◆ **EXERCISE OBJECTIVE**
Each entry is to be given again precisely, and no picture may be carried over.

(Items listed in a dataset)
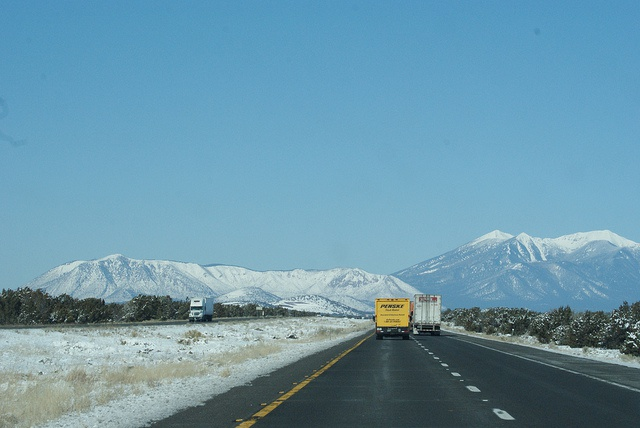Describe the objects in this image and their specific colors. I can see truck in gray, tan, black, and olive tones, truck in gray, darkgray, black, and lightblue tones, and truck in gray, black, and blue tones in this image. 
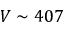<formula> <loc_0><loc_0><loc_500><loc_500>V \sim 4 0 7</formula> 
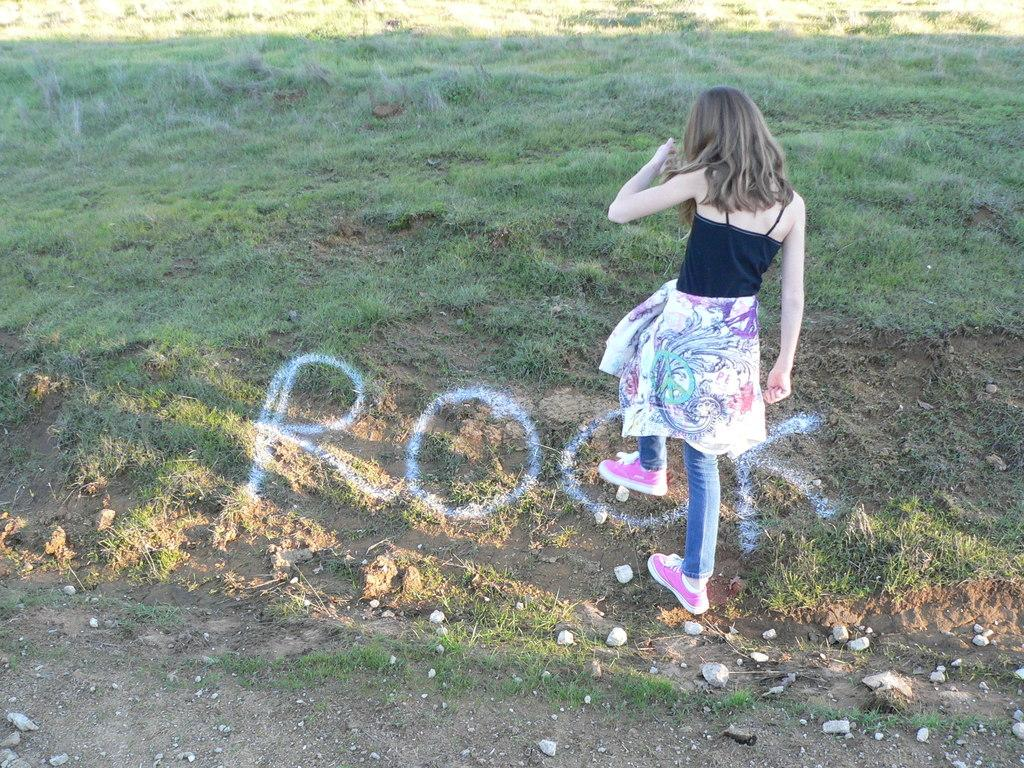Who is the main subject in the foreground of the image? There is a girl in the foreground of the image. What color are the shoes the girl is wearing? The girl is wearing pink shoes. What type of pants is the girl wearing? The girl is wearing blue jeans. What can be seen at the bottom of the image? There is some text at the bottom of the image. What type of natural environment is visible in the background of the image? There is grass visible in the background of the image. What type of cork can be seen in the image? There is no cork present in the image. Is the girl preparing a stew in the image? There is no indication of food preparation or a stew in the image. 
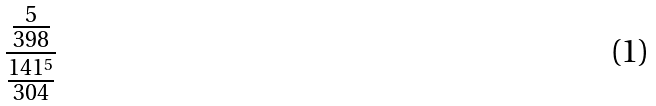Convert formula to latex. <formula><loc_0><loc_0><loc_500><loc_500>\frac { \frac { 5 } { 3 9 8 } } { \frac { 1 4 1 ^ { 5 } } { 3 0 4 } }</formula> 
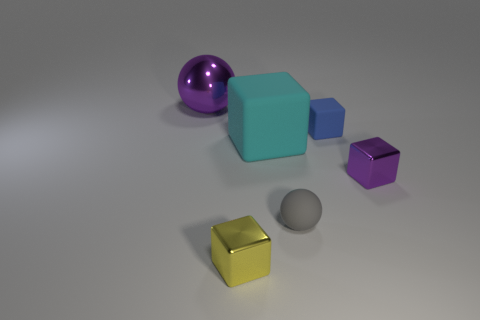Subtract all small cubes. How many cubes are left? 1 Subtract all cyan cubes. How many cubes are left? 3 Add 3 spheres. How many objects exist? 9 Subtract 1 blocks. How many blocks are left? 3 Subtract all big cyan matte cubes. Subtract all tiny gray balls. How many objects are left? 4 Add 1 small metallic things. How many small metallic things are left? 3 Add 6 yellow cubes. How many yellow cubes exist? 7 Subtract 0 green balls. How many objects are left? 6 Subtract all spheres. How many objects are left? 4 Subtract all yellow cubes. Subtract all blue balls. How many cubes are left? 3 
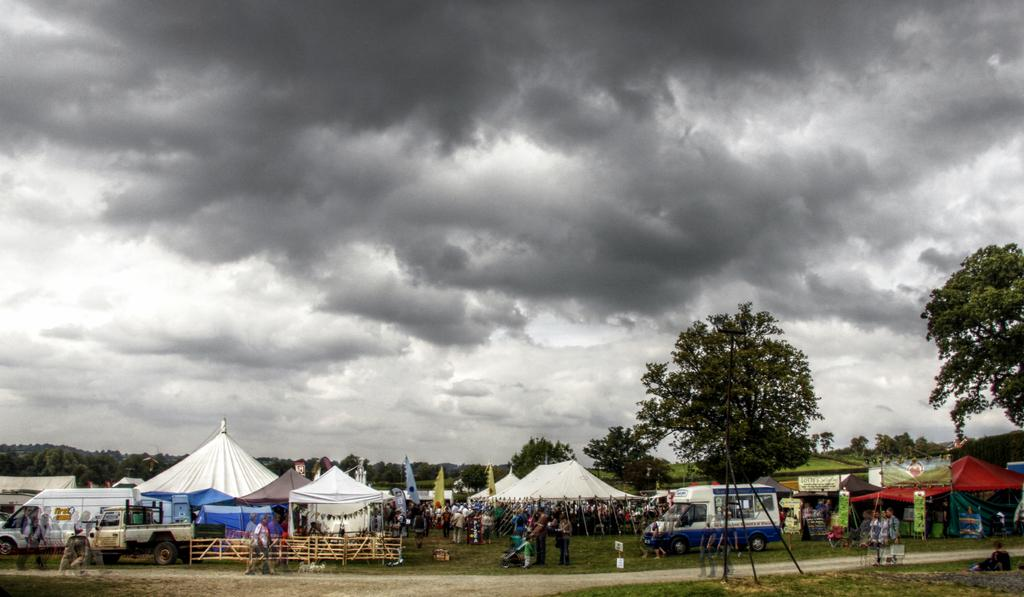What type of temporary shelters can be seen in the image? There are tents in the image. What are the flags associated with in the image? The flags are associated with the tents in the image. What type of transportation is visible in the image? There are vehicles in the image. What type of natural vegetation is present in the image? There are trees in the image. What type of barrier is present in the image? There is fencing in the image. What is the color scheme of the sky in the image? The sky is in black and white color in the image. What type of scientific discovery can be seen in the image? There is no scientific discovery present in the image. What type of coil is used to hold the tents in the image? There is no coil present in the image; the tents are supported by poles.

◆ **ANSWER SECTION**
Describe the objects in this image and their specific colors. I can see truck in gray, tan, black, and olive tones, truck in gray, darkgray, black, and lightblue tones, and truck in gray, black, and blue tones in this image. 
<formula> <loc_0><loc_0><loc_500><loc_500>V \sim 4 0 7</formula> 
Who is the main subject in the foreground of the image? There is a girl in the foreground of the image. What color are the shoes the girl is wearing? The girl is wearing pink shoes. What type of pants is the girl wearing? The girl is wearing blue jeans. What can be seen at the bottom of the image? There is some text at the bottom of the image. What type of natural environment is visible in the background of the image? There is grass visible in the background of the image. What type of cork can be seen in the image? There is no cork present in the image. Is the girl preparing a stew in the image? There is no indication of food preparation or a stew in the image. 
Convert formula to latex. <formula><loc_0><loc_0><loc_500><loc_500>\frac { \frac { 5 } { 3 9 8 } } { \frac { 1 4 1 ^ { 5 } } { 3 0 4 } }</formula> 
Subtract all small cubes. How many cubes are left? 1 Subtract all cyan cubes. How many cubes are left? 3 Add 3 spheres. How many objects exist? 9 Subtract 1 blocks. How many blocks are left? 3 Subtract all big cyan matte cubes. Subtract all tiny gray balls. How many objects are left? 4 Add 1 small metallic things. How many small metallic things are left? 3 Add 6 yellow cubes. How many yellow cubes exist? 7 Subtract 0 green balls. How many objects are left? 6 Subtract all spheres. How many objects are left? 4 Subtract all yellow cubes. Subtract all blue balls. How many cubes are left? 3 
What type of temporary shelters can be seen in the image? There are tents in the image. What are the flags associated with in the image? The flags are associated with the tents in the image. What type of transportation is visible in the image? There are vehicles in the image. What type of natural vegetation is present in the image? There are trees in the image. What type of barrier is present in the image? There is fencing in the image. What is the color scheme of the sky in the image? The sky is in black and white color in the image. What type of scientific discovery can be seen in the image? There is no scientific discovery present in the image. What type of coil is used to hold the tents in the image? There is no coil present in the image; the tents are supported by poles.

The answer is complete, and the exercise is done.